A Toshiba conseguiu, contudo, ultrapassar estas barreiras. Com a ambição de tornar o T1100-PLUS no mais pequeno PC com ecrã LCD, acrescentou ao equipamento uma segunda drive de disquetes. A empresa alargou ainda a implementação do CPU 80286 aos modelos T2100 e T3100, que já possuíam ecrãs plasma. Estes modelos apresentavam um disco rígido integrado (standard) e uma memória principal de 2.6 MB. Todas estas tecnologias desenvolveram-se num esforço da companhia para se diferenciar dos principais concorrentes.
A integração do disco rígido nos equipamentos colocou problemas ao nível dos efeitos provocados pela vibração e pelo choque. A Toshiba ultrapassou esta questão pela introdução de um disco de 10 MB protegido por um “colchão em borracha” de apenas 1cm de espessura, tornando-se a primeira empresa a colocar uma drive de disco rígido num portátil.
O elevado consumo de energia do ecrã plasma, que constituía uma das principais preocupações na fase de planeamento, acabou por ser também ultrapassado: dado que a maior parte dos utilizadores destes equipamentos trabalhavam em locais abastecidos por energia eléctrica, a opção da Toshiba foi pela utilização de uma fonte externa de energia, em substituição da bateria, para alimentar o equipamento.
Os modelos T2100 (Janeiro 1986), T3100 (Janeiro 1986) e T1100PLUS (Junho 1986) foram lançados com sucesso. Esta gama de equipamentos e tecnologias mereceram avaliações extremamente positivas e diversos prémios atribuídos pelas maiores revistas especializadas.
Ao apresentar três modelos em tão curto espaço de tempo, a Toshiba afirmou-se como criadora e impulsionadora do mercado dos portáteis. Em 1986, a PC Magazine nomeou o T3100 como o «Rei dos Portáteis». As vendas de portáteis em todas as regiões, incluindo a Europa, a Austrália, os Estados Unidos da América e o Canadá aumentaram.
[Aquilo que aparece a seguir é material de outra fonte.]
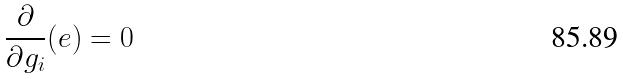Convert formula to latex. <formula><loc_0><loc_0><loc_500><loc_500>\frac { \partial } { \partial g _ { i } } ( e ) = 0</formula>

Em jeito de balanço, podem considerar-se três factores-chave para o sucesso da história. O primeiro foi o seguimento da regra dos três “Cs”, ou seja, a combinação do produto certo, com o marketing certo, no tempo certo. O segundo consistiu na abertura para responder os desafios, apesar das dificuldades, e a capacidade de apresentar as tecnologias mais avançadas, sempre à frente da concorrência mais directa. O último deles foi a forte cooperação entre subsidiárias – a divisão de Computadores, a divisão internacional de Marketing e Vendas Internacional e a divisão de japonesa de I&D.